* WORK INSTRUCTIONS
Only the pictures are to be dropped, and the rest of the data should be copied exactly.
--- EXTRACTED RECORDS Enclosed Below ---
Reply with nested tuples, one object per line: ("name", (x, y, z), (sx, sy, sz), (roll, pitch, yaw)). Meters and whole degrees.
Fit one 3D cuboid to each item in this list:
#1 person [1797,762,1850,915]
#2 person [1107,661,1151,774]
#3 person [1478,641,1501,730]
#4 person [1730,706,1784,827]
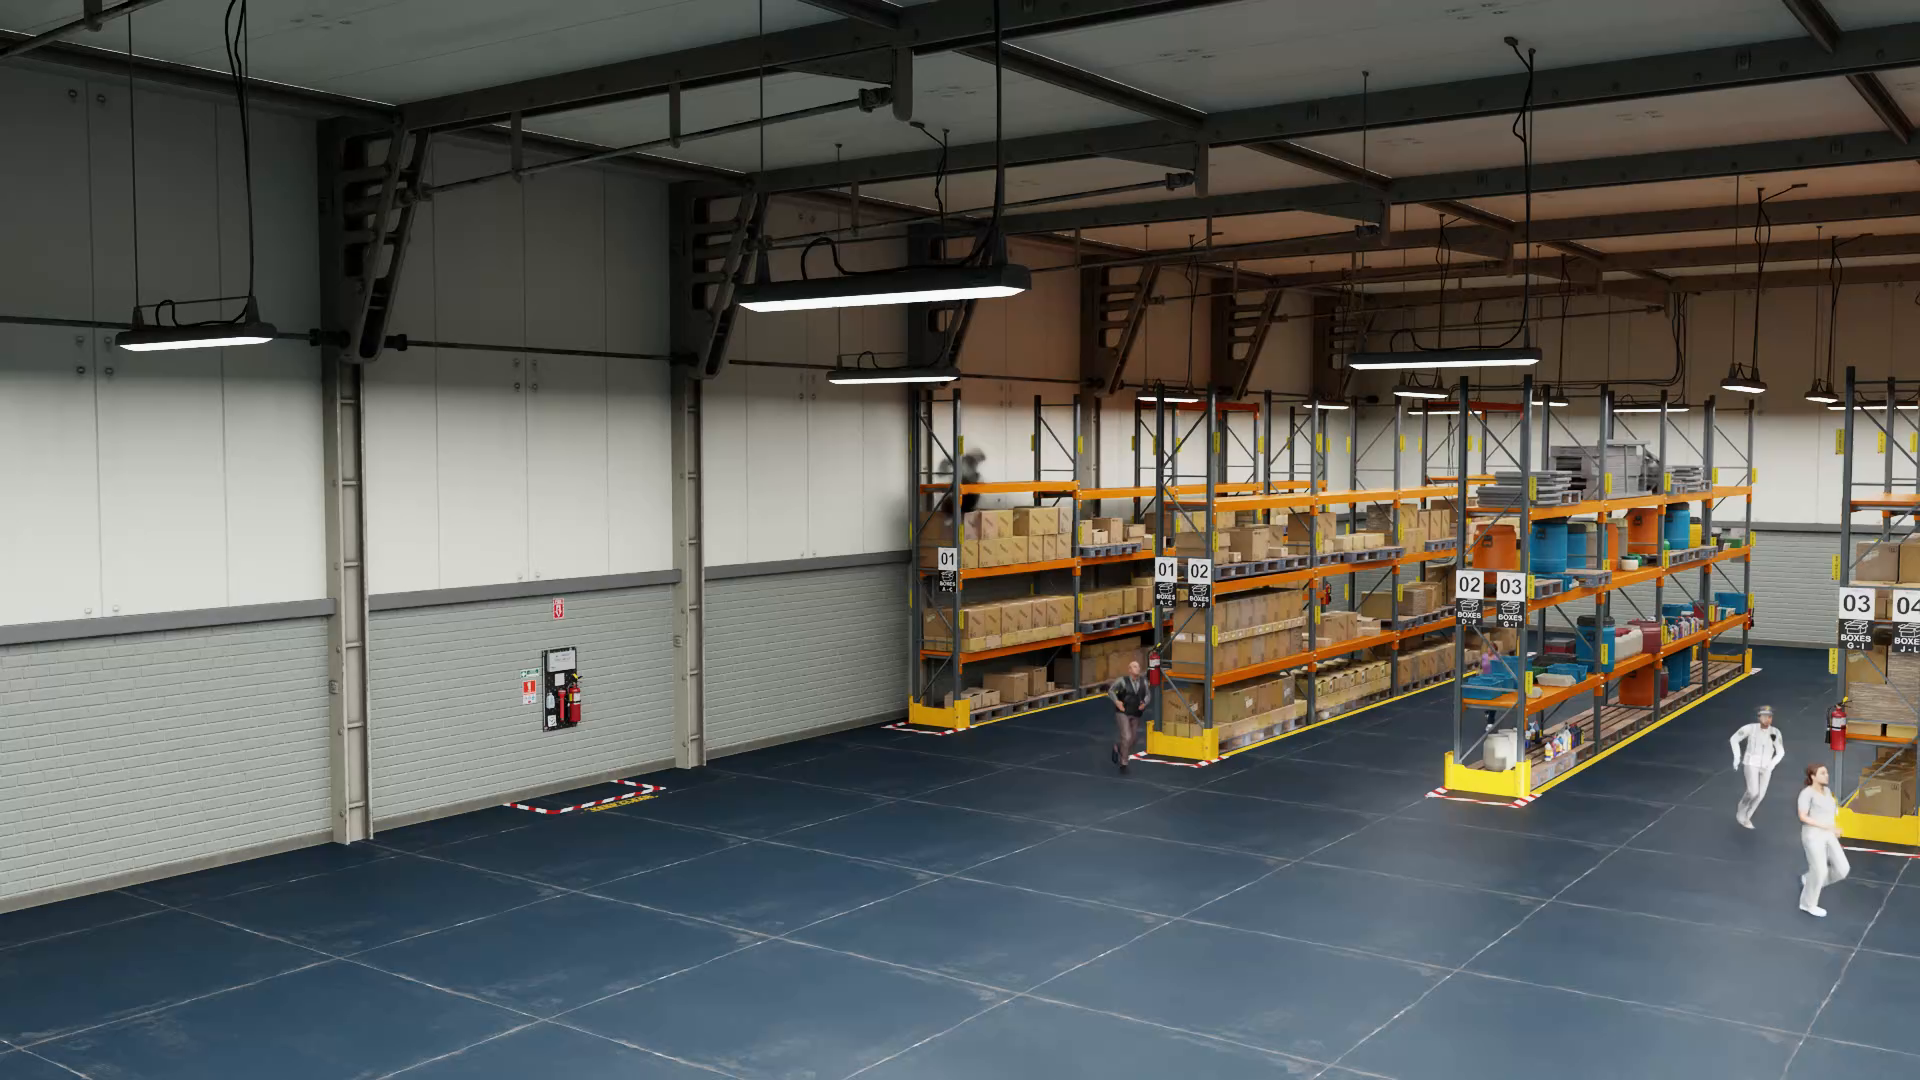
("person", (9.168, 3.179, 17.691), (0.558, 1.631, 0.555), (-1, 4, -24))
("person", (2.617, 2.713, 25.701), (0.685, 1.691, 0.777), (-1, 3, -17))
("person", (9.369, 2.570, 29.294), (0.554, 1.550, 0.533), (2, 4, 35))
("person", (10.396, 2.949, 21.649), (0.610, 1.633, 0.570), (0, 3, 8))
--- End of Enclosed EXTRACTED RECORDS ---
* SOLUTION FOR THIS PROBLEM
Reply with nested tuples, one object per line: ("name", (x, y, z), (sx, sy, sz), (roll, pitch, yaw)). Meters and whole degrees.
Fit one 3D cuboid to each item in this list:
#1 person [1797,762,1850,915]
#2 person [1107,661,1151,774]
#3 person [1478,641,1501,730]
#4 person [1730,706,1784,827]
("person", (9.168, 3.179, 17.691), (0.558, 1.631, 0.555), (-1, 4, -24))
("person", (2.617, 2.713, 25.701), (0.685, 1.691, 0.777), (-1, 3, -17))
("person", (9.369, 2.570, 29.294), (0.554, 1.550, 0.533), (2, 4, 35))
("person", (10.396, 2.949, 21.649), (0.610, 1.633, 0.570), (0, 3, 8))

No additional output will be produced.